Circadian clock-dependent and -independent response of Phaseolus vulgaris to Pseudomonas syringae

Abstract

As sessile organisms, plants have to fine tune their immune responses in anticipation and in response to the exogenous attacks. One of the early steps in antimicrobial defense is the production of ROS. ROS are produced by plasma membrane anchored oxidases, characterized as respiratory burst oxidase homologs (RBOHs) and peroxidases, with the most extensively studied in bean, the French bean peroxidase 1 (FBP1). We have investigated the effect of water, the elicitor flagellin 22 (flg22) and a virulent Pseudomonas syringae pathovar phaseolicola bacterial strain on transcriptional changes induced in the nine Phaseolus vulgaris oxidases (PvRBOHA-PvRBOHI) and FBP1 in a time-dependent manner during 24 h following treatments in the morning or in the evening. Moreover, the time-dependent oxidative burst generation and the in-planta bacterial growth were studied. Our results show that the microbe-triggered response outreaches the elicitor-triggered response in intensity and duration. More importantly, infection reinforces the circadian rhythm in the expression of FBP1 and abolishes the rhythm of the two oxidases PvRBOHC and PvRBOHD with, however, significantly enhanced levels and specific characteristics in each case.
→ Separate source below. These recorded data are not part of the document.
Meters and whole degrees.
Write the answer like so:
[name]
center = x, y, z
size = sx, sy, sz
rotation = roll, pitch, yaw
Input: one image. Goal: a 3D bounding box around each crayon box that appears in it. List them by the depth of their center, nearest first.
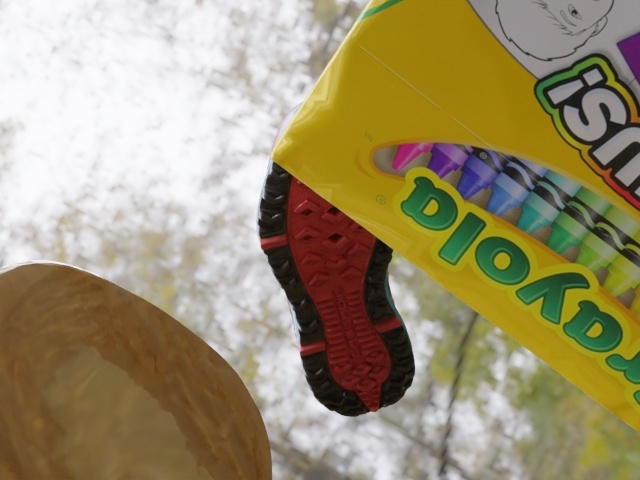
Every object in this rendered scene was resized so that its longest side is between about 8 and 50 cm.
[crayon box]
center = 0.202, -0.065, 0.946
size = 0.313, 0.363, 0.106
rotation = -55, -3, 35

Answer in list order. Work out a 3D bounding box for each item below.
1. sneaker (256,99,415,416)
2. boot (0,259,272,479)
[sneaker]
center = 0.000, 0.000, 1.238
size = 0.104, 0.125, 0.262
rotation = -12, -55, -8
[boot]
center = -0.102, 0.111, 0.649
size = 0.295, 0.211, 0.104
rotation = 53, -126, -38
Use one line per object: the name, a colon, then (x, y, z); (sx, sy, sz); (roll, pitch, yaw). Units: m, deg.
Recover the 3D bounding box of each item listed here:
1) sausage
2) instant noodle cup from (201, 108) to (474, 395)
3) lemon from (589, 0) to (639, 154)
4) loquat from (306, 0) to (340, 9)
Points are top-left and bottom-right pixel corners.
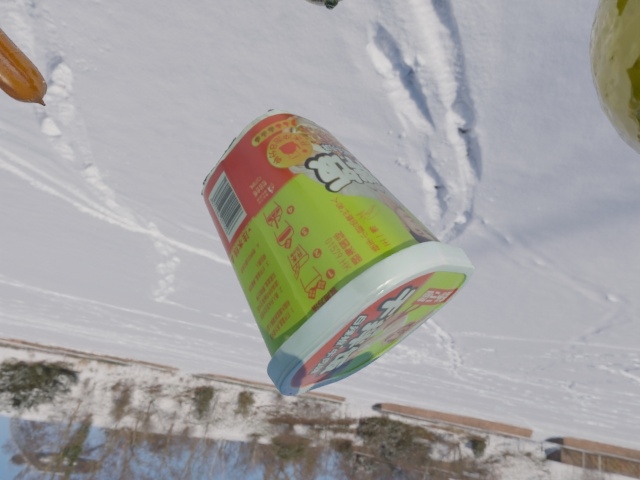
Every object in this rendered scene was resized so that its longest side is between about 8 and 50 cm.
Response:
sausage: (-0.445, -0.259, 0.590); (0.183, 0.062, 0.054); (58, 179, -33)
instant noodle cup: (0.000, 0.000, 0.607); (0.293, 0.308, 0.294); (-27, 153, -15)
lemon: (0.446, -0.222, 0.420); (0.347, 0.349, 0.348); (11, 161, 4)
loquat: (0.019, -0.497, 0.772); (0.171, 0.205, 0.149); (1, 162, 12)
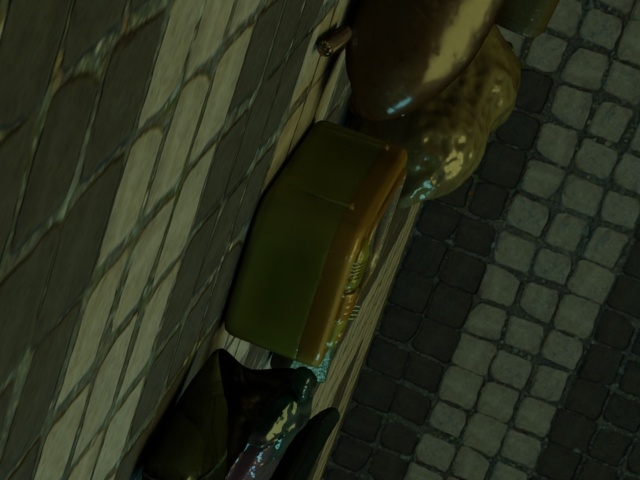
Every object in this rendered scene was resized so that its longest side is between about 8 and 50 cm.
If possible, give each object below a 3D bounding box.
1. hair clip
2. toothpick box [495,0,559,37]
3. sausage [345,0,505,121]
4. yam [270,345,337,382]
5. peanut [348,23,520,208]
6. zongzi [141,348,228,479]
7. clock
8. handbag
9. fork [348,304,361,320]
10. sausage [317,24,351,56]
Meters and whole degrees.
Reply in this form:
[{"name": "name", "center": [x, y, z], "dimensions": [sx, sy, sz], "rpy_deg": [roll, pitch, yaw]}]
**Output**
[{"name": "hair clip", "center": [-0.109, 0.253, 1.611], "dimensions": [0.359, 0.095, 0.110], "rpy_deg": [-65, -159, 0]}, {"name": "toothpick box", "center": [0.226, -0.377, 2.014], "dimensions": [0.308, 0.190, 0.187], "rpy_deg": [111, 2, -51]}, {"name": "sausage", "center": [0.144, -0.323, 1.667], "dimensions": [0.136, 0.123, 0.501], "rpy_deg": [-9, -126, 62]}, {"name": "yam", "center": [-0.002, 0.070, 2.046], "dimensions": [0.068, 0.068, 0.169], "rpy_deg": [-58, 168, -64]}, {"name": "peanut", "center": [0.113, -0.151, 1.981], "dimensions": [0.291, 0.143, 0.159], "rpy_deg": [-53, 131, -53]}, {"name": "zongzi", "center": [-0.096, 0.135, 1.453], "dimensions": [0.104, 0.052, 0.113], "rpy_deg": [18, 80, -79]}, {"name": "clock", "center": [0.000, 0.000, 1.619], "dimensions": [0.202, 0.096, 0.143], "rpy_deg": [-61, 168, -62]}, {"name": "handbag", "center": [-0.076, 0.321, 2.220], "dimensions": [0.247, 0.079, 0.260], "rpy_deg": [-58, 171, -57]}, {"name": "fork", "center": [0.012, 0.132, 2.716], "dimensions": [0.034, 0.028, 0.219], "rpy_deg": [-63, 174, 23]}, {"name": "sausage", "center": [0.011, -0.155, 1.532], "dimensions": [0.100, 0.015, 0.015], "rpy_deg": [-52, 162, -72]}]
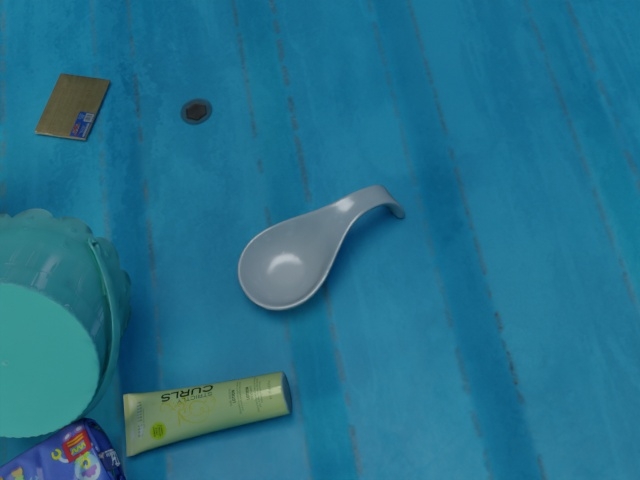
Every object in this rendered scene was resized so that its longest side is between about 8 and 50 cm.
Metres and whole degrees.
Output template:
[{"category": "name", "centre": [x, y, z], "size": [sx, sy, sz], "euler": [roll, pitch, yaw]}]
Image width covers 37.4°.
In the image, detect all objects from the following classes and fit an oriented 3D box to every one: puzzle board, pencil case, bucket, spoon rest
[{"category": "puzzle board", "centre": [-0.429, -0.232, 1.644], "size": [0.097, 0.011, 0.128], "euler": [10, 64, 11]}, {"category": "pencil case", "centre": [-0.398, 0.363, 1.256], "size": [0.306, 0.119, 0.133], "euler": [-32, 67, -10]}, {"category": "bucket", "centre": [-0.397, 0.117, 1.277], "size": [0.281, 0.281, 0.183], "euler": [-7, 27, 4]}, {"category": "spoon rest", "centre": [0.000, 0.000, 1.419], "size": [0.276, 0.084, 0.137], "euler": [-34, 63, -12]}]

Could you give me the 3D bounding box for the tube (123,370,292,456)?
[{"category": "tube", "centre": [-0.162, 0.238, 1.329], "size": [0.240, 0.062, 0.070], "euler": [-12, 20, 7]}]

Among the other members of the PvRBOH gene family, PvRBOHB is unique regarding its rapid response and pattern of expression. In addition, the expression of the clock genes PvLHY and PvTOC1 is attenuated with all treatments. Our results reveal that post-invasively, the oxidative defense of P. vulgaris depends on transcriptional reprogramming of specific PvRBOH genes that develops non-rhythmically as an emergency mechanism, while peroxidase FBP1 is part of the rhythmical pre-invasive and post-invasive defense with emphasis during the morning.